▸ Task details
Produce the lines from the one containing "Answer as CSV" through the end of the material exactly as they appear, both ends included, and leave the pictures out.

▸ The data
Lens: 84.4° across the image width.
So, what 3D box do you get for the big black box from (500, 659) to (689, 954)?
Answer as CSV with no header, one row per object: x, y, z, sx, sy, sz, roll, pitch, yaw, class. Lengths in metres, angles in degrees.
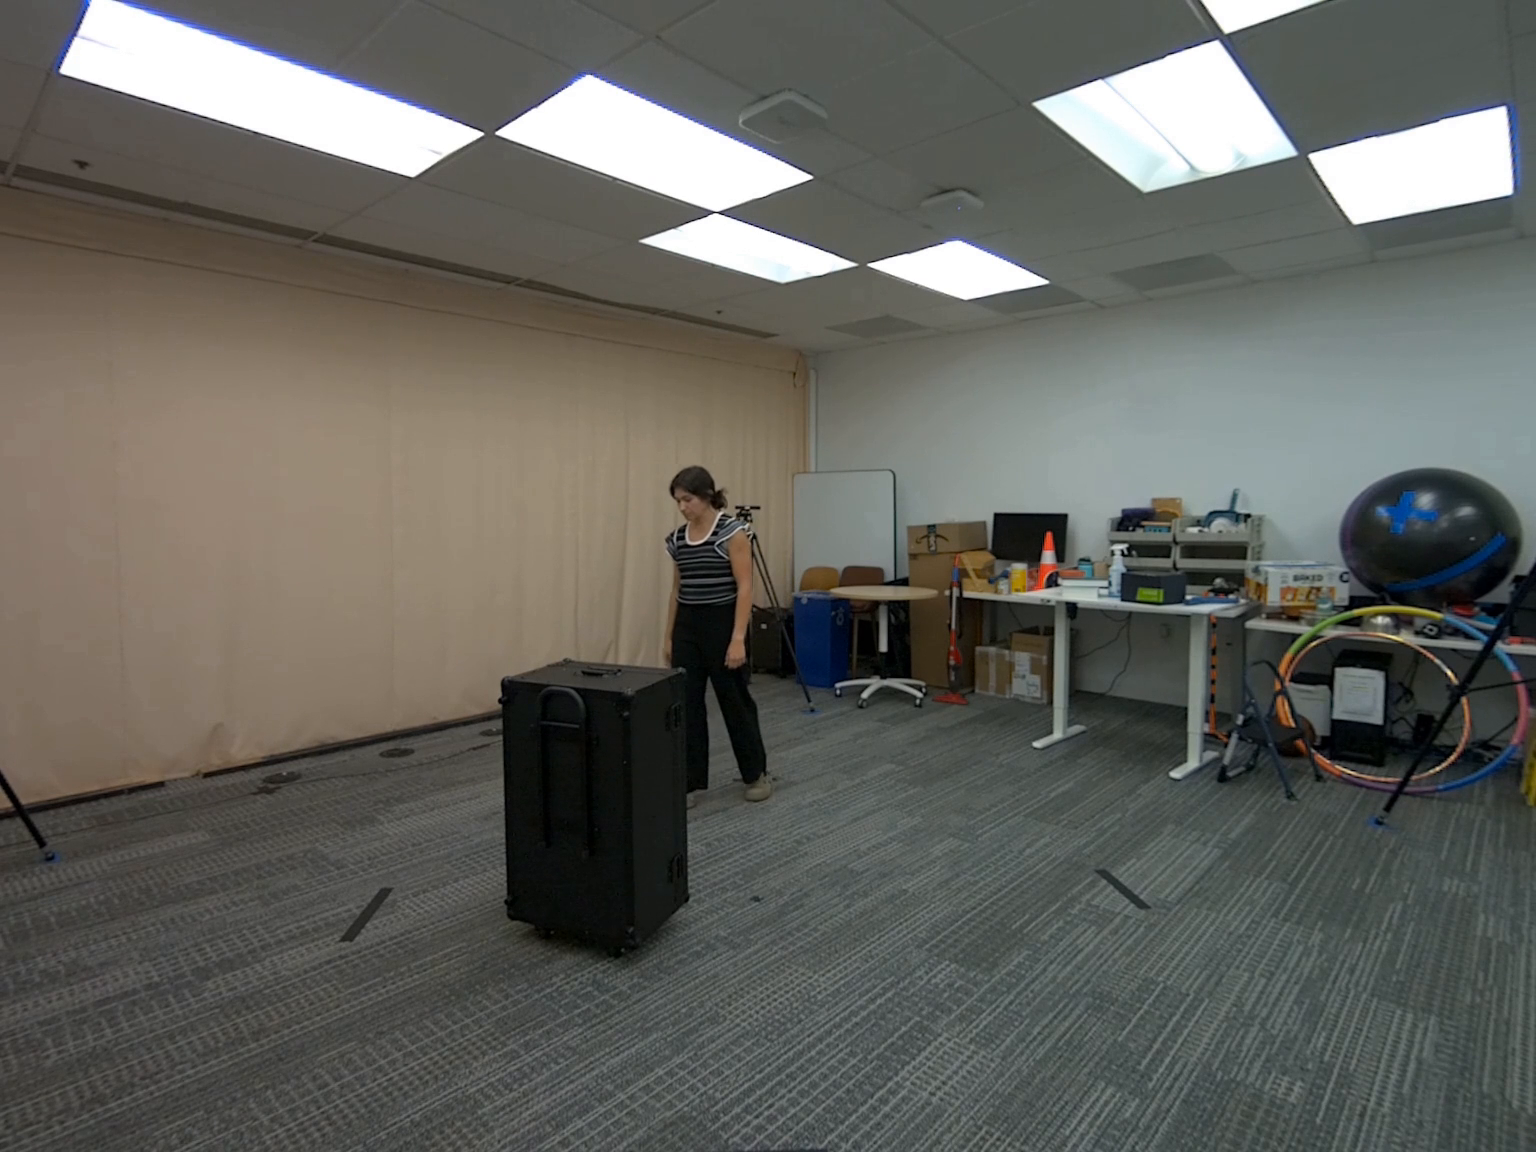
-0.554,0.743,2.739,0.534,0.859,0.387,1,4,24,big black box

▸ Output below
Answer as CSV with no header, one row per object: x, y, z, sx, sy, sz, roll, pitch, yaw, class. Lengths in metres, angles in degrees.
-0.554,0.743,2.739,0.534,0.859,0.387,1,4,24,big black box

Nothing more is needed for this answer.